* [Directions]
Search the data for the string "listed" and copy each line in which it appears.

**** Task material

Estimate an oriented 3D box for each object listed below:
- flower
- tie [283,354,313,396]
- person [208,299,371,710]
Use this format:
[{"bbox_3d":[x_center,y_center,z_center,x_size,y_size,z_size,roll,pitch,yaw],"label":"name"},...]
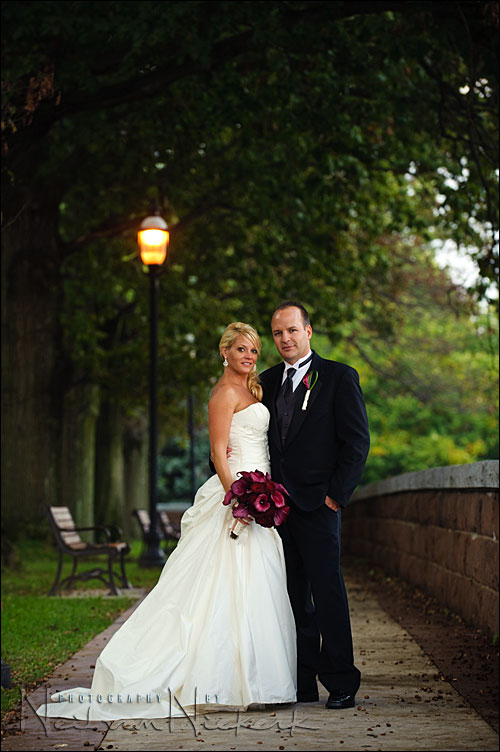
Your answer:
[{"bbox_3d":[0.034,0.741,4.883,0.402,0.393,0.303,-2,-5,19],"label":"flower"},{"bbox_3d":[0.309,-0.002,5.211,0.181,0.216,0.164,12,9,11],"label":"tie"},{"bbox_3d":[0.377,0.709,5.035,0.448,2.322,0.670,2,-5,-37],"label":"person"}]
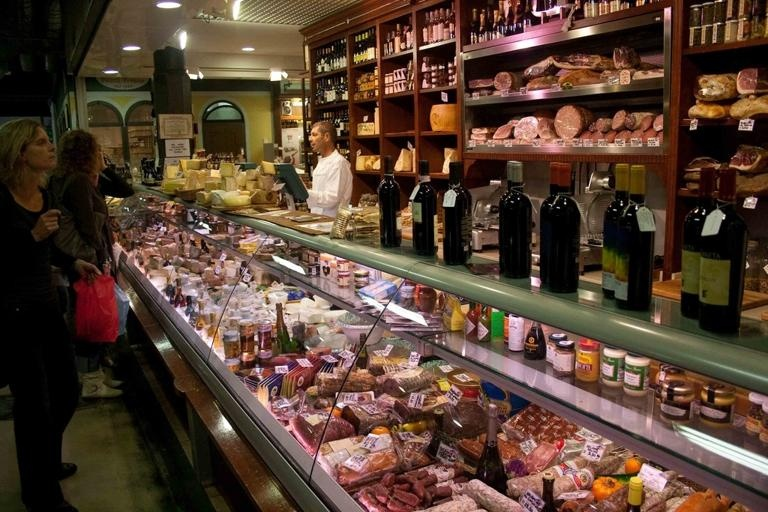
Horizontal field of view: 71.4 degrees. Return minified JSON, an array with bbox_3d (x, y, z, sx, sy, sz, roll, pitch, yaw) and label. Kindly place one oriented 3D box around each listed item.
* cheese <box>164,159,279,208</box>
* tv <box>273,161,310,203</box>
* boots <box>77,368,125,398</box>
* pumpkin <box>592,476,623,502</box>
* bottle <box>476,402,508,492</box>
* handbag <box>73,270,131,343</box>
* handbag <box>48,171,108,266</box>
[{"bbox_3d":[-1.304,-0.565,4.224,0.289,0.155,0.583,-10,17,-42],"label":"cheese"},{"bbox_3d":[-0.584,-0.464,3.338,0.064,0.217,0.236,-39,40,-25],"label":"tv"},{"bbox_3d":[-2.487,1.119,4.830,0.469,0.302,0.182,0,5,-23],"label":"boots"},{"bbox_3d":[0.807,0.842,1.936,0.096,0.056,0.099,7,14,35],"label":"pumpkin"},{"bbox_3d":[0.424,0.703,2.093,0.118,0.348,0.234,0,11,7],"label":"bottle"},{"bbox_3d":[-2.042,0.395,4.052,0.332,0.471,0.401,3,-10,0],"label":"handbag"},{"bbox_3d":[-2.261,-0.264,3.918,0.454,0.757,0.595,-12,17,-41],"label":"handbag"}]
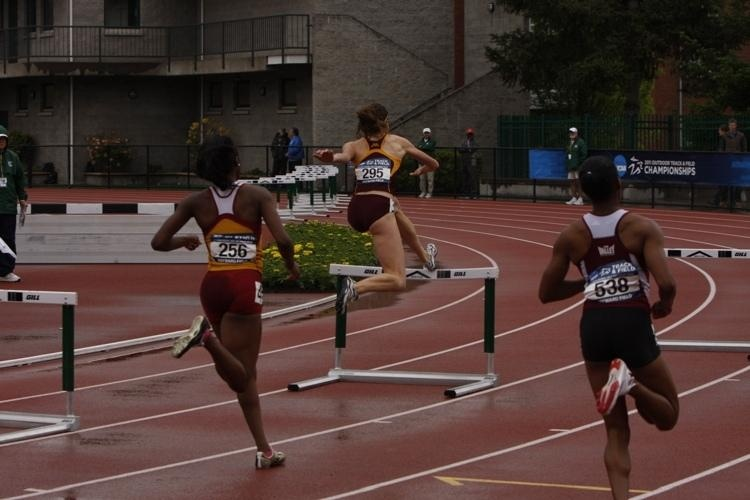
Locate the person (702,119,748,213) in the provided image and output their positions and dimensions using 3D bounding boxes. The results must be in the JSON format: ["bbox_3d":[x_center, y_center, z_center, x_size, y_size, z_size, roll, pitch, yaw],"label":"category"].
[{"bbox_3d":[10.068,-2.482,29.306,1.175,2.741,1.093,3,-10,-7],"label":"person"}]

********

* [Exercise answer]
Estimate an oriented 3D box for each object listed below:
Horizontal field of view: 71.4 degrees. Return minified JSON, an array with bbox_3d (x, y, z, sx, sy, sz, roll, pitch, yaw) and label. Kindly place one oriented 3D box around each listed item.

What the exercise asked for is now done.